Durante a entrevista, Meirelles apresentou somente o novo secretário executivo da Fazenda, Tarcísio Godoy, que será o número 2 da pasta. "Os demais estão devidamente encaminhados e durante o final de semana vou chegar a uma conclusão final", afirmou.

Entre os nomes que serão anunciados na segunda-feira está o do novo presidente do BC. Diante da insistência dos jornalistas, Meirelles afirmou que o nome não está decidido e, em tom de brincadeira, disse que não se pode descartar a manutenção de Alexandre Tombini à frente do cargo. “Eu não estou dizendo quem é. Se é ou não é o Alexandre Tombini.”

PRINCIPAL PROBLEMA
Para o ministro, o principal problema responsável para crise econômica é a trajetória de crescimento da dívida pública, que classificou como insustentável.
Meirelles afirmou que as medidas adotadas nesse sentido, que devem ser concretas e com grande chances de aprovação no Congresso, não farão com que a dívida passe a cair imediatamente. Mas contribuirão para elevar a confiança de empresas e consumidores em relação à reversão futura desse processo de aumento.
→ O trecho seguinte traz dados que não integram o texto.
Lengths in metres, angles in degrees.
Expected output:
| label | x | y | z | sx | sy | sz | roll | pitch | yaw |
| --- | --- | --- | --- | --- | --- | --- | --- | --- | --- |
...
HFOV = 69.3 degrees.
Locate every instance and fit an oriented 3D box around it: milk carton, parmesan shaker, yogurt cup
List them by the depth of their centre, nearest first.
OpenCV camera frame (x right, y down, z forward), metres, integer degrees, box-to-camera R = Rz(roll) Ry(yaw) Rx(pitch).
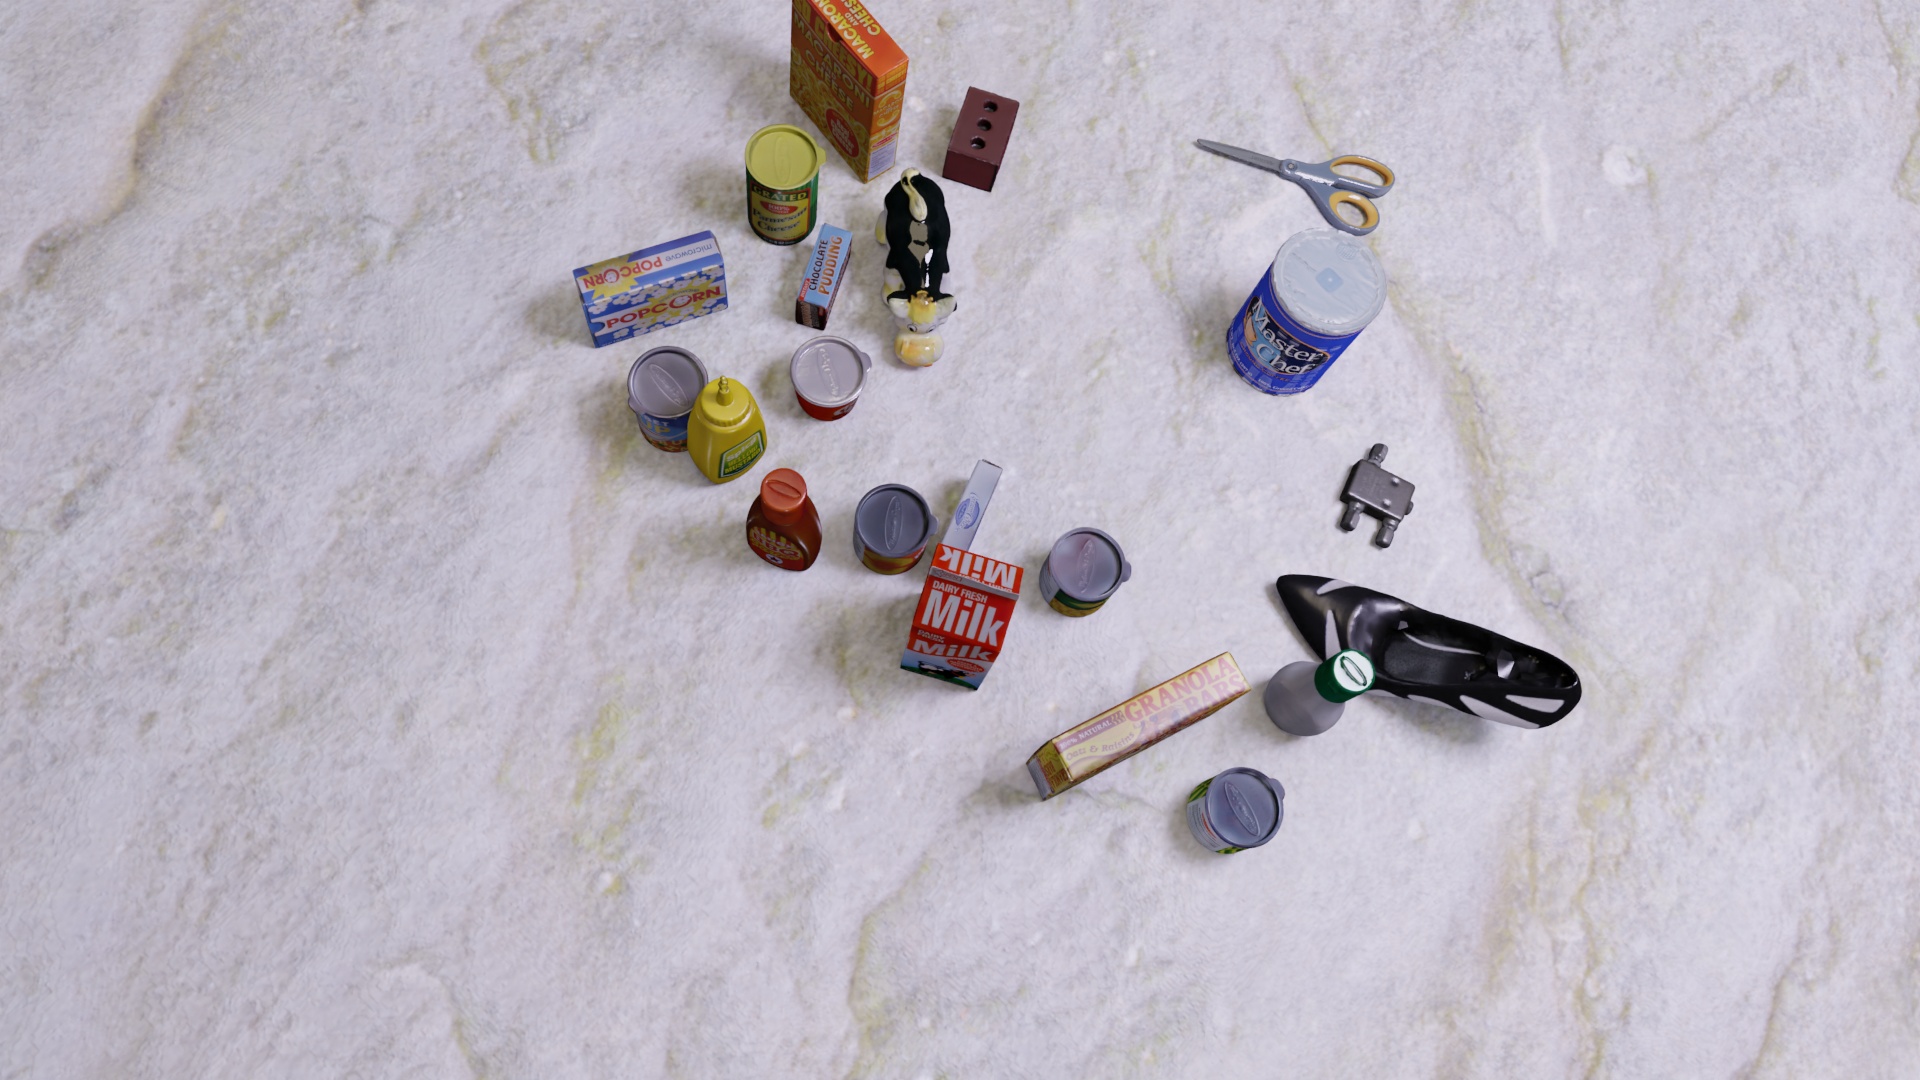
| label | x | y | z | sx | sy | sz | roll | pitch | yaw |
| --- | --- | --- | --- | --- | --- | --- | --- | --- | --- |
| milk carton | 0.001 | 0.059 | 1.111 | 0.072 | 0.190 | 0.073 | 17 | 71 | -2 |
| yogurt cup | -0.117 | -0.141 | 1.233 | 0.072 | 0.053 | 0.072 | 2 | 72 | -7 |
| parmesan shaker | -0.159 | -0.320 | 1.261 | 0.071 | 0.102 | 0.071 | 2 | 72 | -7 |

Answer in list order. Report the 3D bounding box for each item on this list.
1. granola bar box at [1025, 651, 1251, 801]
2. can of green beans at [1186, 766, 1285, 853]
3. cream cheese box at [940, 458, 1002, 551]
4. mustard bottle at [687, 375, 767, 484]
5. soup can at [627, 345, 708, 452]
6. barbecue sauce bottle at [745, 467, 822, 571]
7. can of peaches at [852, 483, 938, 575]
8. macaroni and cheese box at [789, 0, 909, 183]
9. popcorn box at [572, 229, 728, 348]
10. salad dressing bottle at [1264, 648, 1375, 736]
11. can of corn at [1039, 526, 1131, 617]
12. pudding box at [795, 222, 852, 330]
| label | x | y | z | sx | sy | sz | roll | pitch | yaw |
| --- | --- | --- | --- | --- | --- | --- | --- | --- | --- |
| granola bar box | 0.141 | 0.152 | 1.133 | 0.166 | 0.123 | 0.039 | -24 | 77 | -14 |
| can of green beans | 0.227 | 0.225 | 1.155 | 0.071 | 0.057 | 0.071 | 2 | 72 | -7 |
| cream cheese box | 0.004 | -0.015 | 1.208 | 0.024 | 0.053 | 0.104 | 24 | 71 | 1 |
| mustard bottle | -0.195 | -0.097 | 1.153 | 0.065 | 0.159 | 0.049 | -36 | 80 | -16 |
| soup can | -0.250 | -0.118 | 1.193 | 0.071 | 0.083 | 0.071 | 2 | 72 | -7 |
| barbecue sauce bottle | -0.145 | -0.018 | 1.139 | 0.065 | 0.148 | 0.044 | 24 | 71 | 1 |
| can of peaches | -0.057 | -0.008 | 1.195 | 0.071 | 0.058 | 0.071 | 2 | 72 | -7 |
| macaroni and cheese box | -0.105 | -0.421 | 1.267 | 0.040 | 0.166 | 0.124 | -36 | 80 | -16 |
| popcorn box | -0.271 | -0.221 | 1.223 | 0.127 | 0.085 | 0.038 | -20 | 76 | -13 |
| salad dressing bottle | 0.298 | 0.124 | 1.150 | 0.044 | 0.147 | 0.064 | -35 | 80 | -16 |
| can of corn | 0.107 | 0.029 | 1.204 | 0.071 | 0.058 | 0.071 | 2 | 72 | -7 |
| pudding box | -0.125 | -0.241 | 1.267 | 0.030 | 0.049 | 0.084 | 17 | 71 | -2 |

“O problema não é o prazo de efeito das medidas. É o prazo de implementação e aprovação. Por outro lado, é importante que sejam medidas consistentes, que sejam tomadas e não revertidas”, disse.
“A consequência é que as pessoas voltam a comprar, a consumir, a tomar crédito. Esse pode ser um processo relativamente rápido.”

MUDANÇA DE ITINERÁRIO
Meirelles afirmou mais de uma vez que o governo terá de adotar medidas “duras” e disse estar confiante na capacidade de ter o apoio do Congresso e da população para fazer o que julgar necessário para conter a queda do emprego e da renda.
“O Congresso reflete a sociedade, e a sociedade está amadurecida para medidas de ajuste importantes. O que não é possível é continuar como está”, afirmou. “O país está aguardando uma mudança no itinerário da economia. Existe uma demanda da sociedade para uma reversão na trajetória da economia, do emprego e da renda.”
Em vários momentos, o novo ministro indicou ter dúvidas sobre a veracidade dos dados econômicos apresentados pelo governo Dilma Rousseff, inclusive sobre os números de empresas estatais. Chegou a falar até em auditar se for necessário.
“Sou o primeiro a querer saber quanto tempo levaremos para saber qual o real tamanho do problema”, afirmou.
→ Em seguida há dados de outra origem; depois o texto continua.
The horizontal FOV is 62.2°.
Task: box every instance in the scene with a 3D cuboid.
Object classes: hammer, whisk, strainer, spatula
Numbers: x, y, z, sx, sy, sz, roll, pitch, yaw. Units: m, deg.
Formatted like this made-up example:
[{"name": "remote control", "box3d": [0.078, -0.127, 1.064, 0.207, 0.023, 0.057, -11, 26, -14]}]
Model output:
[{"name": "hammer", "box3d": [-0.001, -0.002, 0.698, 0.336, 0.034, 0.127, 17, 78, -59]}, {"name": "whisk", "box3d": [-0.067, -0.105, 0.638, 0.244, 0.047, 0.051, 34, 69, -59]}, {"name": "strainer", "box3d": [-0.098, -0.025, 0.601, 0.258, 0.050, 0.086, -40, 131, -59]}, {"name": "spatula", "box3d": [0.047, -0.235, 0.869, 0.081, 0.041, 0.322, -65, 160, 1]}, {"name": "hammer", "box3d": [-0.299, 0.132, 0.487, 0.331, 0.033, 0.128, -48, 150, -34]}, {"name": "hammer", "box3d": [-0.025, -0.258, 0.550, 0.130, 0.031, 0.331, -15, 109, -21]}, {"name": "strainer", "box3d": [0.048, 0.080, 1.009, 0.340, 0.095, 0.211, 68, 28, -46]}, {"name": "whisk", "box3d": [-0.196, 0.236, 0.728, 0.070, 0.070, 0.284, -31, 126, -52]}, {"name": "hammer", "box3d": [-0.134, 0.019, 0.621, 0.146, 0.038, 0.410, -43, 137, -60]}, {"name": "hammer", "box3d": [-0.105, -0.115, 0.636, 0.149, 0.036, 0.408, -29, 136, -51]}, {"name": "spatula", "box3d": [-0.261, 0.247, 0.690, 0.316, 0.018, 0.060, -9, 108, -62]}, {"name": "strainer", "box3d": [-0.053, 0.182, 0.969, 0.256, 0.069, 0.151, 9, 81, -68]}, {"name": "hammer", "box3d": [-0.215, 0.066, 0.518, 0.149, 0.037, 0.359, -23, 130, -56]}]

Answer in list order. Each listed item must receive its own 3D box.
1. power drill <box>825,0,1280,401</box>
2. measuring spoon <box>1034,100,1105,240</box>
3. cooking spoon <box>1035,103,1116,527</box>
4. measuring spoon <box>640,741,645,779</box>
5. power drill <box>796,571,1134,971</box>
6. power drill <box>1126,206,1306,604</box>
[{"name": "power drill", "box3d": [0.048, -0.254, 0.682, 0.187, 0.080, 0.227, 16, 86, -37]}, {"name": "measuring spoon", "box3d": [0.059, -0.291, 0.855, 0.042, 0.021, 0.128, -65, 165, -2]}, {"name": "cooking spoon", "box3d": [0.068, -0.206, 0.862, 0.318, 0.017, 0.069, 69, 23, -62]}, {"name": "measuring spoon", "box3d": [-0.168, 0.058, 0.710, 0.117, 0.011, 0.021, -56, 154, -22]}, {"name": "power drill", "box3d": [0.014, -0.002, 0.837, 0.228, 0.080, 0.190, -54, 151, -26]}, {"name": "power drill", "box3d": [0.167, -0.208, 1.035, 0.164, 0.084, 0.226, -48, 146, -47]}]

Ao falar sobre especificamente sobre as estatais, disse que não é conveniente que se aceite o primeiro número que aparece em avaliações sobre a situação financeiras dessas companhias. “Sei que é preciso analisar no detalhe para ter acesso a números realistas.”

TETO PARA DESPESAS
Meirelles já indicou uma mudança importante na gestão fiscal em relação aos governos passados. Segundo ele, o governo deve praticar o nominalismo -quando os cálculos ignoram a inflação- nas políticas públicas a fim de desindexar a economia.
Isso é uma guinada brusca em relação às políticas de governo petistas, que buscavam fornecer crescimento real (acima da inflação), principalmente aos salários.
“O nominalismo é evitar um processo de indexação generalizada, de maneira que o gasto público, mesmo com efeitos da inflação, não fiquem acentuados e não complique a fixação de tetos e limites”, diz o ministro.

Serão pensados tetos para o nível de despesas, tanto do governo federal, quanto dos Estados. “Os detalhes de tudo isso estão sendo discutidos. Os tetos serão relacionados a produtos e a um nível nominal de despesas e preços.”
Os tetos estaduais devem integrar as medidas que serão negociados com as unidades federativas para resolver a situação fiscal dos estados. “Será um acordo que não comprometa o governo federal. Esse acordo vai passar por uma disciplina fiscal rigorosa do estados, mas não entramos ainda em detalhes”, diz Meirelles.